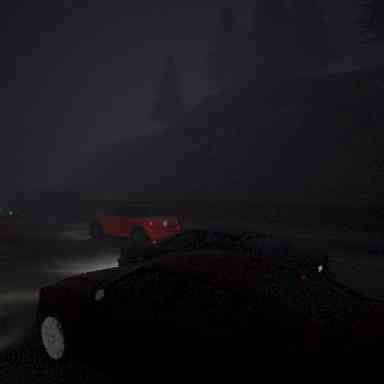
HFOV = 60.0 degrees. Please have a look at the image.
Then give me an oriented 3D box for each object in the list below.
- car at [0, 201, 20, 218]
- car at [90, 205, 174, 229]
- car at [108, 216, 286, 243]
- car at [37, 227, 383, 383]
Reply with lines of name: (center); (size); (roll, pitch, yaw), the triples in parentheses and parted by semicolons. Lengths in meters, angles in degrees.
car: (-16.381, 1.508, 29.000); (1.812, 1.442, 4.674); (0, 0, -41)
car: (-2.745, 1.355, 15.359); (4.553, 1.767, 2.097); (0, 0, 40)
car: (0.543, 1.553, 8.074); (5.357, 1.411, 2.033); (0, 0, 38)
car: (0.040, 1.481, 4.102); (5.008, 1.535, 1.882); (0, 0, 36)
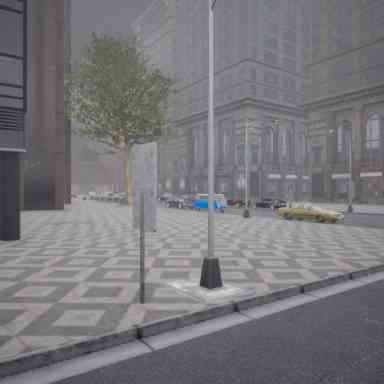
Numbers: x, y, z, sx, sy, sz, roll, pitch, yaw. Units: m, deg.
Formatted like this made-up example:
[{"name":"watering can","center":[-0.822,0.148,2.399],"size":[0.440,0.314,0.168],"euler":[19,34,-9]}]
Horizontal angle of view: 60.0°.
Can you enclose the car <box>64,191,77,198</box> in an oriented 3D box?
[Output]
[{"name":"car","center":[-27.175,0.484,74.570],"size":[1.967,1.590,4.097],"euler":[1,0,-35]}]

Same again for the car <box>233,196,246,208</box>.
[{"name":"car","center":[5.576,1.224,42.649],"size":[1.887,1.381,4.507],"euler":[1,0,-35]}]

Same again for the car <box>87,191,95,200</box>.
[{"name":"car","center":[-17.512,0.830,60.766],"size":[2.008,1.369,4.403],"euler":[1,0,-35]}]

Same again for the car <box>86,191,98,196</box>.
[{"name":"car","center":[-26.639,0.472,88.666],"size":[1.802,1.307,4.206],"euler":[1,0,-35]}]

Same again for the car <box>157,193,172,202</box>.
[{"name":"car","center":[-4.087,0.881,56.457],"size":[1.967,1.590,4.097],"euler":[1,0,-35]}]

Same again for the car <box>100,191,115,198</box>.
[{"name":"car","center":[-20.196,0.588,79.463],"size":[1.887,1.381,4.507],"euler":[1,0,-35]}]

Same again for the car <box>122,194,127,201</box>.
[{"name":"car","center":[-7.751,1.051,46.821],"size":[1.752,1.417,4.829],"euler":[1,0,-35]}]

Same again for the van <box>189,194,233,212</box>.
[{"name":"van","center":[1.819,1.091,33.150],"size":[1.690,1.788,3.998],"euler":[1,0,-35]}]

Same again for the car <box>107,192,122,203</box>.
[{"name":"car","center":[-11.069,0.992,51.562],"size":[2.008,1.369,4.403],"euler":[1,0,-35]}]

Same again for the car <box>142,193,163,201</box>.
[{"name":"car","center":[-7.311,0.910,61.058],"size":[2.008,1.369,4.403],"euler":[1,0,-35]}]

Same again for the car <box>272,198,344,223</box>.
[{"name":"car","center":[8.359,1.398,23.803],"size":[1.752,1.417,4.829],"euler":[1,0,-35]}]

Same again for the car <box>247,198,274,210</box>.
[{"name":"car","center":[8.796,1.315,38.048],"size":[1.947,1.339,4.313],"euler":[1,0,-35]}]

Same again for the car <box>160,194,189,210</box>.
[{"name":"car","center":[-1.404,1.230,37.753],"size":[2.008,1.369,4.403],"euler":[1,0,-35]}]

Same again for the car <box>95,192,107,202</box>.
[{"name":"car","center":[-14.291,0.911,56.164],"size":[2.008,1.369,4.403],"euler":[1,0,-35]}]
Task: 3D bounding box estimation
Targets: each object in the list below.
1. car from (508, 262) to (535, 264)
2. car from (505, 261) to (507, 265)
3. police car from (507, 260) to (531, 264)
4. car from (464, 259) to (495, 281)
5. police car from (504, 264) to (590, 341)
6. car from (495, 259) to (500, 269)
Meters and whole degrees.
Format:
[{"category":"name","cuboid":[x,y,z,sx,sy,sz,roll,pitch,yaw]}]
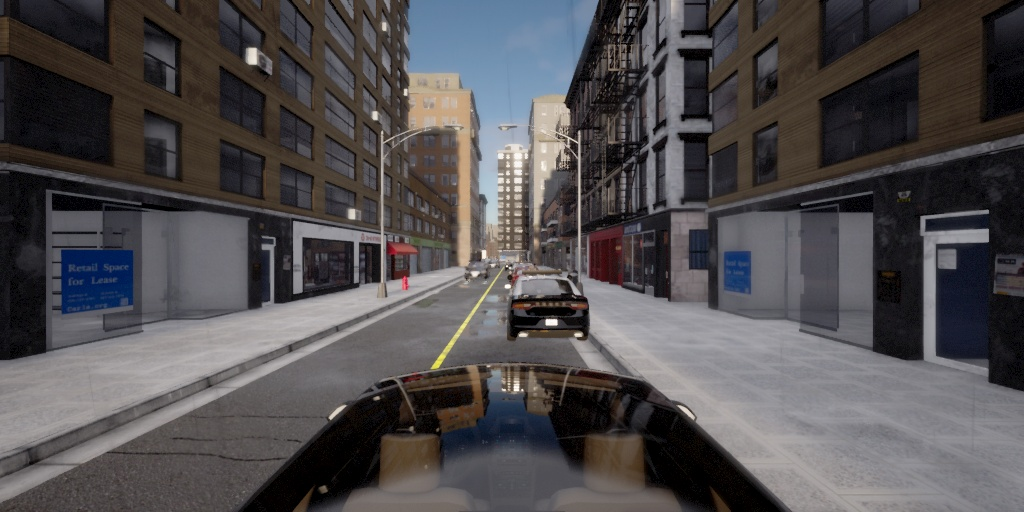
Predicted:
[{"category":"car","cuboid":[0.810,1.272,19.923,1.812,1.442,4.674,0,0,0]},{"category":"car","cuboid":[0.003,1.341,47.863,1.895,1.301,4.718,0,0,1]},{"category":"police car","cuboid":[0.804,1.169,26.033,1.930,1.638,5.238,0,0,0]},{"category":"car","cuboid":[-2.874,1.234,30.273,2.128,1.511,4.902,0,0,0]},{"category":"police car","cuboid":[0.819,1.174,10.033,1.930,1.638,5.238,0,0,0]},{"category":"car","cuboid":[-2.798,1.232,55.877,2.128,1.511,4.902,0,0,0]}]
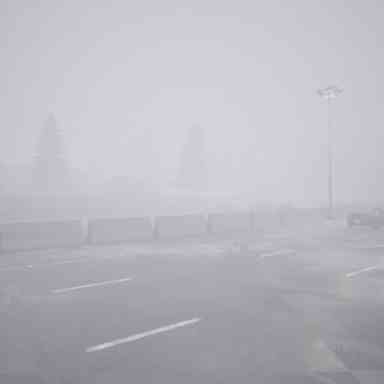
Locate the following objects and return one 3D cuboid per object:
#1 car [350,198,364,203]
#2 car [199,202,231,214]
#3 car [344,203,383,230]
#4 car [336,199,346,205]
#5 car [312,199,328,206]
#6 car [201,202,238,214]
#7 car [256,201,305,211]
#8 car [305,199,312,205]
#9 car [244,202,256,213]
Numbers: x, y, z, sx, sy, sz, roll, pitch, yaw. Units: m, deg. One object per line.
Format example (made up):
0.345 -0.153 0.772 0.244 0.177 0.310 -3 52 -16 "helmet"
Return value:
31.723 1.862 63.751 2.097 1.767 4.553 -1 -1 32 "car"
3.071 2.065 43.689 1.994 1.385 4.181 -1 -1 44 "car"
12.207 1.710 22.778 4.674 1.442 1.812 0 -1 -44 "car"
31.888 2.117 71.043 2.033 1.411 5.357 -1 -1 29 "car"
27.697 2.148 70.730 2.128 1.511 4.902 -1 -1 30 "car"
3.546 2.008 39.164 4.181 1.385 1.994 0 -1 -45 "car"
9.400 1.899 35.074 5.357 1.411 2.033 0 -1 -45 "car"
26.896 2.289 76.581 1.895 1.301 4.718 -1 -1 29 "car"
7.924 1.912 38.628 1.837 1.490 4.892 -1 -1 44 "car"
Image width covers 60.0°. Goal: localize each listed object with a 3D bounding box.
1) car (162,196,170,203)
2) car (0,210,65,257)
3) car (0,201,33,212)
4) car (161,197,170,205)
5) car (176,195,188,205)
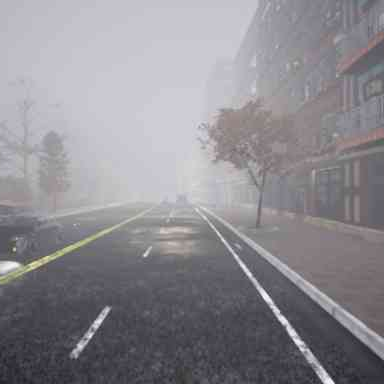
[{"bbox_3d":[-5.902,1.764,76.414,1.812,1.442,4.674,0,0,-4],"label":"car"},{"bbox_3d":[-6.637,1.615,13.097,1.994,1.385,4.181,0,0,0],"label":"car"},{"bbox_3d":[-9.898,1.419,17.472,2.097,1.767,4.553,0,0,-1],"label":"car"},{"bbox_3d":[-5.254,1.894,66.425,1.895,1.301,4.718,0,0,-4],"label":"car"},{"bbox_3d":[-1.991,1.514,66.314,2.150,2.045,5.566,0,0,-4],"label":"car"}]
********************
Only the pictures are to be left out; all other material is to be output exactly.

HFOV = 60.0 degrees. Please have a look at the image.
Then give me an oriented 3D box for each object in the list below.
- car at [0, 201, 20, 218]
- car at [90, 205, 174, 229]
- car at [108, 216, 286, 243]
- car at [37, 227, 383, 383]
Reply with lines of name: (center); (size); (roll, pitch, yaw), the triples in parentheses and parted by semicolons. Lengths in meters, angles in degrees.
car: (-16.381, 1.508, 29.000); (1.812, 1.442, 4.674); (0, 0, -41)
car: (-2.745, 1.355, 15.359); (4.553, 1.767, 2.097); (0, 0, 40)
car: (0.543, 1.553, 8.074); (5.357, 1.411, 2.033); (0, 0, 38)
car: (0.040, 1.481, 4.102); (5.008, 1.535, 1.882); (0, 0, 36)
Numbers: x, y, z, sx, sy, sz, roll, pitch, yaw. Units: m, deg.
Formatted like this made-up example:
[{"name":"watering can","center":[-0.822,0.148,2.399],"size":[0.440,0.314,0.168],"euler":[19,34,-9]}]
Horizontal angle of view: 60.0°.
Can you enclose the car <box>64,191,77,198</box> in an oriented 3D box?
[Output]
[{"name":"car","center":[-27.175,0.484,74.570],"size":[1.967,1.590,4.097],"euler":[1,0,-35]}]

Same again for the car <box>233,196,246,208</box>.
[{"name":"car","center":[5.576,1.224,42.649],"size":[1.887,1.381,4.507],"euler":[1,0,-35]}]

Same again for the car <box>87,191,95,200</box>.
[{"name":"car","center":[-17.512,0.830,60.766],"size":[2.008,1.369,4.403],"euler":[1,0,-35]}]

Same again for the car <box>86,191,98,196</box>.
[{"name":"car","center":[-26.639,0.472,88.666],"size":[1.802,1.307,4.206],"euler":[1,0,-35]}]

Same again for the car <box>157,193,172,202</box>.
[{"name":"car","center":[-4.087,0.881,56.457],"size":[1.967,1.590,4.097],"euler":[1,0,-35]}]

Same again for the car <box>100,191,115,198</box>.
[{"name":"car","center":[-20.196,0.588,79.463],"size":[1.887,1.381,4.507],"euler":[1,0,-35]}]

Same again for the car <box>122,194,127,201</box>.
[{"name":"car","center":[-7.751,1.051,46.821],"size":[1.752,1.417,4.829],"euler":[1,0,-35]}]

Same again for the van <box>189,194,233,212</box>.
[{"name":"van","center":[1.819,1.091,33.150],"size":[1.690,1.788,3.998],"euler":[1,0,-35]}]

Same again for the car <box>107,192,122,203</box>.
[{"name":"car","center":[-11.069,0.992,51.562],"size":[2.008,1.369,4.403],"euler":[1,0,-35]}]

Same again for the car <box>142,193,163,201</box>.
[{"name":"car","center":[-7.311,0.910,61.058],"size":[2.008,1.369,4.403],"euler":[1,0,-35]}]

Same again for the car <box>272,198,344,223</box>.
[{"name":"car","center":[8.359,1.398,23.803],"size":[1.752,1.417,4.829],"euler":[1,0,-35]}]

Same again for the car <box>247,198,274,210</box>.
[{"name":"car","center":[8.796,1.315,38.048],"size":[1.947,1.339,4.313],"euler":[1,0,-35]}]

Same again for the car <box>160,194,189,210</box>.
[{"name":"car","center":[-1.404,1.230,37.753],"size":[2.008,1.369,4.403],"euler":[1,0,-35]}]

Same again for the car <box>95,192,107,202</box>.
[{"name":"car","center":[-14.291,0.911,56.164],"size":[2.008,1.369,4.403],"euler":[1,0,-35]}]
Task: 3D bounding box estimation
Targets: each object in the list below.
1. car from (508, 262) to (535, 264)
2. car from (505, 261) to (507, 265)
3. police car from (507, 260) to (531, 264)
4. car from (464, 259) to (495, 281)
5. police car from (504, 264) to (590, 341)
6. car from (495, 259) to (500, 269)
Meters and whole degrees.
Format:
[{"category":"name","cuboid":[x,y,z,sx,sy,sz,roll,pitch,yaw]}]
Predicted:
[{"category":"car","cuboid":[0.810,1.272,19.923,1.812,1.442,4.674,0,0,0]},{"category":"car","cuboid":[0.003,1.341,47.863,1.895,1.301,4.718,0,0,1]},{"category":"police car","cuboid":[0.804,1.169,26.033,1.930,1.638,5.238,0,0,0]},{"category":"car","cuboid":[-2.874,1.234,30.273,2.128,1.511,4.902,0,0,0]},{"category":"police car","cuboid":[0.819,1.174,10.033,1.930,1.638,5.238,0,0,0]},{"category":"car","cuboid":[-2.798,1.232,55.877,2.128,1.511,4.902,0,0,0]}]
Locate the following objects and return one 3D cuboid per object:
#1 car [350,198,364,203]
#2 car [199,202,231,214]
#3 car [344,203,383,230]
#4 car [336,199,346,205]
#5 car [312,199,328,206]
#6 car [201,202,238,214]
#7 car [256,201,305,211]
#8 car [305,199,312,205]
#9 car [244,202,256,213]
Numbers: x, y, z, sx, sy, sz, roll, pitch, yaw. Units: m, deg. One object per line.
Format example (made up):
0.345 -0.153 0.772 0.244 0.177 0.310 -3 52 -16 "helmet"
Return value:
31.723 1.862 63.751 2.097 1.767 4.553 -1 -1 32 "car"
3.071 2.065 43.689 1.994 1.385 4.181 -1 -1 44 "car"
12.207 1.710 22.778 4.674 1.442 1.812 0 -1 -44 "car"
31.888 2.117 71.043 2.033 1.411 5.357 -1 -1 29 "car"
27.697 2.148 70.730 2.128 1.511 4.902 -1 -1 30 "car"
3.546 2.008 39.164 4.181 1.385 1.994 0 -1 -45 "car"
9.400 1.899 35.074 5.357 1.411 2.033 0 -1 -45 "car"
26.896 2.289 76.581 1.895 1.301 4.718 -1 -1 29 "car"
7.924 1.912 38.628 1.837 1.490 4.892 -1 -1 44 "car"
Image width covers 60.0°. Goal: localize each listed object with a 3D bounding box.
1) car (162,196,170,203)
2) car (0,210,65,257)
3) car (0,201,33,212)
4) car (161,197,170,205)
5) car (176,195,188,205)
[{"bbox_3d":[-5.902,1.764,76.414,1.812,1.442,4.674,0,0,-4],"label":"car"},{"bbox_3d":[-6.637,1.615,13.097,1.994,1.385,4.181,0,0,0],"label":"car"},{"bbox_3d":[-9.898,1.419,17.472,2.097,1.767,4.553,0,0,-1],"label":"car"},{"bbox_3d":[-5.254,1.894,66.425,1.895,1.301,4.718,0,0,-4],"label":"car"},{"bbox_3d":[-1.991,1.514,66.314,2.150,2.045,5.566,0,0,-4],"label":"car"}]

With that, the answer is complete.